Mais le consolateur, l'Esprit-Saint, que le Père enverra en mon nom, vous enseignera toutes choses, et vous rappellera tout ce que je vous ai dit.
Jean 14:26J'ai toujours rechigné à l'idée de l'école à la maison, l'enseignement par les parents, pour ceux qui ont choisi cette voie. Ce n'est pas pour moi, je le sais maintenant avec certitude. Mais j'ai une admiration sincère pour ceux et celles qui l'ont choisi. Parce que c'est une image saisissante de ce que Dieu fait avec Ses enfants par Son Esprit-Saint.

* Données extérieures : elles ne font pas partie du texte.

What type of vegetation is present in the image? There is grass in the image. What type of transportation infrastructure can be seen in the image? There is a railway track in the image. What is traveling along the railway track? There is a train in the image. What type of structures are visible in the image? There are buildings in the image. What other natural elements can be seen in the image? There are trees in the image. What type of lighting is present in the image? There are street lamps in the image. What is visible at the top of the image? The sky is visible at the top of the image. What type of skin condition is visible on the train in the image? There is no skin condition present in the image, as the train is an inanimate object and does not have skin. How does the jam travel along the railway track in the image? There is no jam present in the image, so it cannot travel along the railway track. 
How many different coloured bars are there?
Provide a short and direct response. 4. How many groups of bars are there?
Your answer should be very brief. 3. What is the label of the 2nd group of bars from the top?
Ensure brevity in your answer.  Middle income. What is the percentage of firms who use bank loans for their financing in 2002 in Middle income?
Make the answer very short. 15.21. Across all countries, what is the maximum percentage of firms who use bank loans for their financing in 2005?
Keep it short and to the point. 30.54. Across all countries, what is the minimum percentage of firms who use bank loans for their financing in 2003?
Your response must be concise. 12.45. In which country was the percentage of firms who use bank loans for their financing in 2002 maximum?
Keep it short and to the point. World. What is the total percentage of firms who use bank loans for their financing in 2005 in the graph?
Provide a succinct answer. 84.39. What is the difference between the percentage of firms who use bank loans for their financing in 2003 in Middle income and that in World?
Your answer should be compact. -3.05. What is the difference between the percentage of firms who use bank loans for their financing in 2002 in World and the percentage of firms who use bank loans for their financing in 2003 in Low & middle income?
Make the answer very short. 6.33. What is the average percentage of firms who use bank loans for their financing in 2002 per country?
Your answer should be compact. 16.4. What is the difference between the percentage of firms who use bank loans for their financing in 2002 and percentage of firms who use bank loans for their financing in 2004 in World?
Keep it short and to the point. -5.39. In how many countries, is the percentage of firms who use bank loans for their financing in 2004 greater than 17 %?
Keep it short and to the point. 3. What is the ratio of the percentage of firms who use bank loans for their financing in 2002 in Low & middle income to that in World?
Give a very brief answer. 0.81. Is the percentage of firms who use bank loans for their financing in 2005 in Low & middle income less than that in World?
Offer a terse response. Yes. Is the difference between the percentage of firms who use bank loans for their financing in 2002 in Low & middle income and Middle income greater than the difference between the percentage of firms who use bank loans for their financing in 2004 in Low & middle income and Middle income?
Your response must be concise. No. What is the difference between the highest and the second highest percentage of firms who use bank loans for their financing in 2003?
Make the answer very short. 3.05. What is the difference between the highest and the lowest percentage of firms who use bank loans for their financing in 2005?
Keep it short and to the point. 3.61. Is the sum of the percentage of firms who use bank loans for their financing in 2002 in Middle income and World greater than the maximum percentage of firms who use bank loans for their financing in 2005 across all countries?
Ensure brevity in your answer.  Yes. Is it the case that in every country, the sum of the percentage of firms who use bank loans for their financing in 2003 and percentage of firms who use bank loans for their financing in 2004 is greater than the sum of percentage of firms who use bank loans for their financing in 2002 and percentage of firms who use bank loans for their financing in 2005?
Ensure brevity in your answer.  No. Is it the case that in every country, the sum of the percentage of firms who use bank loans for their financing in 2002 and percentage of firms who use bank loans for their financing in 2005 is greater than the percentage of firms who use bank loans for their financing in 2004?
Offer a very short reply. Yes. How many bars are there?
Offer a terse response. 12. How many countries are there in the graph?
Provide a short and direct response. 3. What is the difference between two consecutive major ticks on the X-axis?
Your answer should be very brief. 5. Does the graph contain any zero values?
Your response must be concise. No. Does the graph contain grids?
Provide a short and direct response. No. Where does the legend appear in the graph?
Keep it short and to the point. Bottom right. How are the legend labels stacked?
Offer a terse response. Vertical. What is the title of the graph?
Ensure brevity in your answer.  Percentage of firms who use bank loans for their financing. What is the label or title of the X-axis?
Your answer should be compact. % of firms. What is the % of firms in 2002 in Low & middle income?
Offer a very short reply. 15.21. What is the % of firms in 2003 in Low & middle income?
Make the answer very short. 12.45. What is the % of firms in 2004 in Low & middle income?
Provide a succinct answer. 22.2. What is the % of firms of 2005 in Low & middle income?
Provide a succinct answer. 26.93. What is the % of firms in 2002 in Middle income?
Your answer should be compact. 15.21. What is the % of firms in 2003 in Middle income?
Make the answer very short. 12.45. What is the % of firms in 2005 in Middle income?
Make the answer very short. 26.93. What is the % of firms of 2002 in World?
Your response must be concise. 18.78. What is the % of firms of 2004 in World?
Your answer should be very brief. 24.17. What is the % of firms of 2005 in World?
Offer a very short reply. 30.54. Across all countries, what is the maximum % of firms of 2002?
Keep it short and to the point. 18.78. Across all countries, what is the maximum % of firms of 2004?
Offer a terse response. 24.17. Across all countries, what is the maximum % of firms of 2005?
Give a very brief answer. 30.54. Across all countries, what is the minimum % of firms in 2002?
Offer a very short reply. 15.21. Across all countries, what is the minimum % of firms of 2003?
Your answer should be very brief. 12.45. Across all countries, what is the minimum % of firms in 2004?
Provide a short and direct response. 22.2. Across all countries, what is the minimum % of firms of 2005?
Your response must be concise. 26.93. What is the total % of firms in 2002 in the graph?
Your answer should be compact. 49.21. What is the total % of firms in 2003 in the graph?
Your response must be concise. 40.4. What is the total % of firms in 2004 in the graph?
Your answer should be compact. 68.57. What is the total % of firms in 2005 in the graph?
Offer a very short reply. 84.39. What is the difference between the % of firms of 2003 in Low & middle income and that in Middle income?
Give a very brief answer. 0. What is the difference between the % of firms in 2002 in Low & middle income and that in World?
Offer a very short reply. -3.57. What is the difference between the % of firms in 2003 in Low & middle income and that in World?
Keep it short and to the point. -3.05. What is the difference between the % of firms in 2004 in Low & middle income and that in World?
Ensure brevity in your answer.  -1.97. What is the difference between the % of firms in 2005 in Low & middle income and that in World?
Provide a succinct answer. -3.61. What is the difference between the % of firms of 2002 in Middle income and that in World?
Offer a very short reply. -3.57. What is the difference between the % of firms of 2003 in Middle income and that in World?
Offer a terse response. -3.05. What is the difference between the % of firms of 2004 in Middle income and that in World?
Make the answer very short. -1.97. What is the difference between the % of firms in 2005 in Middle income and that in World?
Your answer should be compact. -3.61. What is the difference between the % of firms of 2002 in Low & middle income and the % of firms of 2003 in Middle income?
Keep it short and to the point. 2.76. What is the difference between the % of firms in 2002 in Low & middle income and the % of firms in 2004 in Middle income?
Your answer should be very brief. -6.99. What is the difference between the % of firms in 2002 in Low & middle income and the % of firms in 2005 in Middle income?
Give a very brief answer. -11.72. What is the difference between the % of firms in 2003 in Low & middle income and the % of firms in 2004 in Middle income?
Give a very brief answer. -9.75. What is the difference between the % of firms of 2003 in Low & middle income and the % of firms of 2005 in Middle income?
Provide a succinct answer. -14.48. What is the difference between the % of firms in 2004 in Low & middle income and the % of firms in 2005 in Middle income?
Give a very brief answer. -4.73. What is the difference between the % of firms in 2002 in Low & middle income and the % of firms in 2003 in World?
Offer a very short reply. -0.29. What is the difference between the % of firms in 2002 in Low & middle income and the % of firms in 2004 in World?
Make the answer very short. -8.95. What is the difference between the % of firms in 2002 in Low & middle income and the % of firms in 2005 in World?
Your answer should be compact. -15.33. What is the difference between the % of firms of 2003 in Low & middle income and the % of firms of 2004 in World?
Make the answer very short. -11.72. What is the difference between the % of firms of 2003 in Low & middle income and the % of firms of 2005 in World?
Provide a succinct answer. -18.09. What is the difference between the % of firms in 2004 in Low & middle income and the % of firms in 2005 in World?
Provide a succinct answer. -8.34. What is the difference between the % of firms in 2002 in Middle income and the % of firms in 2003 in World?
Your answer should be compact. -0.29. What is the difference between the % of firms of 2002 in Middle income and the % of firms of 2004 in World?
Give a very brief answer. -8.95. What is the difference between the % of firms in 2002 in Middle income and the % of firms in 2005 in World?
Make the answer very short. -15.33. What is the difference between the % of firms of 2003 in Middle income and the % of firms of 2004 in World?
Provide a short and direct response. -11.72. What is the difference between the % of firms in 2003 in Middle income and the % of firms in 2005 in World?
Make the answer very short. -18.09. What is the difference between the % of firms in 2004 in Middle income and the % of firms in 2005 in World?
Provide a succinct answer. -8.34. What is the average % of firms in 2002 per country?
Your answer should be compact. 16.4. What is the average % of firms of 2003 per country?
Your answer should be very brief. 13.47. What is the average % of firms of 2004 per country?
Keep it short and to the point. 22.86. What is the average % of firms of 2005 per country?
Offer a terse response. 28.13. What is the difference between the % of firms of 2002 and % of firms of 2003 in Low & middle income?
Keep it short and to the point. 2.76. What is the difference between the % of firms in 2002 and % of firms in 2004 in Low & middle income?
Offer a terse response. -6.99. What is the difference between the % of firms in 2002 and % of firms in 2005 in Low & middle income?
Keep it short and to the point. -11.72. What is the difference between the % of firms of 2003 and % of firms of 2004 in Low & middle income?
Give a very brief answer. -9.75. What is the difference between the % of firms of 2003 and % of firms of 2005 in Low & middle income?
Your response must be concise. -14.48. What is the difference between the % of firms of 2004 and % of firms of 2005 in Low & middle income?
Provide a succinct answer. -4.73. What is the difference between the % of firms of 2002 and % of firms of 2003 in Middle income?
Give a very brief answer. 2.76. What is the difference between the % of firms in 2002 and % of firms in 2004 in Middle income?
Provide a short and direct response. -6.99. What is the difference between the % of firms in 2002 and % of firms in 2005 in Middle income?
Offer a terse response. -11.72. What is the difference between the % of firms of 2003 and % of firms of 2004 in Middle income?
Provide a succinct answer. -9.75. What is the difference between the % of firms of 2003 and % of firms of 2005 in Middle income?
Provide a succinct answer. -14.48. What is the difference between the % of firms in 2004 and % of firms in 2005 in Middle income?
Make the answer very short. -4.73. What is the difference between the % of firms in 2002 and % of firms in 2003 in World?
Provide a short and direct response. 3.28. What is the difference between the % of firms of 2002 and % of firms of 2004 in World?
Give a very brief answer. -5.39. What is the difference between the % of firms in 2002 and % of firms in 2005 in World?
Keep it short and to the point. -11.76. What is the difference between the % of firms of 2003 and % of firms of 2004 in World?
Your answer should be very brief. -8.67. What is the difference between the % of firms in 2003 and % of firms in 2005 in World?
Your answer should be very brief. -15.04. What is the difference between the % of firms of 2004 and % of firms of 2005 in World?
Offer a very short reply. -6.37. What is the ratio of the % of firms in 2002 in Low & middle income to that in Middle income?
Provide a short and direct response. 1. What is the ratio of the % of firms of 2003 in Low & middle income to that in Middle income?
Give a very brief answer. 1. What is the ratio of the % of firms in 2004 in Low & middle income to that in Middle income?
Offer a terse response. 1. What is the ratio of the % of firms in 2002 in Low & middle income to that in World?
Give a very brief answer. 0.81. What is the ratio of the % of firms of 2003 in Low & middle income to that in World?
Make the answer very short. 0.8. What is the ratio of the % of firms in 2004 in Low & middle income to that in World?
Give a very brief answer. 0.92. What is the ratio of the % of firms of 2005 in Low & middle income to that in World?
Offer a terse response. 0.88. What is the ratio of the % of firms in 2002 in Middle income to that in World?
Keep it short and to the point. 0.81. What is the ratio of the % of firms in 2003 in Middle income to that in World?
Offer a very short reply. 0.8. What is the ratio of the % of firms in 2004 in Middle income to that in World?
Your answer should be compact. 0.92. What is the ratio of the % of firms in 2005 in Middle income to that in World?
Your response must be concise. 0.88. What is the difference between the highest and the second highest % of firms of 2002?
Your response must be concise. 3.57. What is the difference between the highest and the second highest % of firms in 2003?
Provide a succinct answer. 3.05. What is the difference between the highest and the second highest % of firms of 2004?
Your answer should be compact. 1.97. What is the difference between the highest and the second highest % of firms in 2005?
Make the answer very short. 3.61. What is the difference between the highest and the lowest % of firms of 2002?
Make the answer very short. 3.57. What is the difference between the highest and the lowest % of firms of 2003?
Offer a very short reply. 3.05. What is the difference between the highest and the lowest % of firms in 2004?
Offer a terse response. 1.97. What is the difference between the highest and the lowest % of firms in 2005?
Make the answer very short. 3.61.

Il prend en charge notre éducation. Personnellement. Il ne nous inscrit pas dans le cursus général et ne nous demande pas de suivre le même rythme que tout le monde. Il connaît nos forces, nos points de blocage, nos matières préférées et celles qui nous épuisent. Et Il nous enseigne, patiemment, obstinément, avec amour, ce dont nous avons besoin pour devenir qui Il a prévu que nous soyons.
Quand on sait qu'on jouit de cette relation précieuse et particulière, d'un Enseignant qui nous connaît mieux que nous ne nous connaissons nous-mêmes, on n'a plus besoin de se comparer aux autres. On n'a plus besoin de regarder si le voisin avance plus vite, si l'amie a l'air de mieux comprendre, si quelqu'un d'autre semble avoir un cursus plus simple ou plus glorieux.
On suit le programme que Dieu nous a destiné. Uniquement. Et c'est largement suffisant.
Car nous sommes son ouvrage, ayant été créés en Jésus-Christ pour de bonnes œuvres, que Dieu a préparées d'avance, afin que nous les pratiquions.
Éphésiens 2:10Préparées d'avance. Pas improvisées au fur et à mesure de nos performances. Pas conditionnées à nos résultats scolaires. Préparées, avant même que nous ayons ouvert le premier manuel, avant même que nous ayons su lire.
L'Enseignant connaît la fin depuis le début. Et Il ne nous abandonnera pas en cours de route.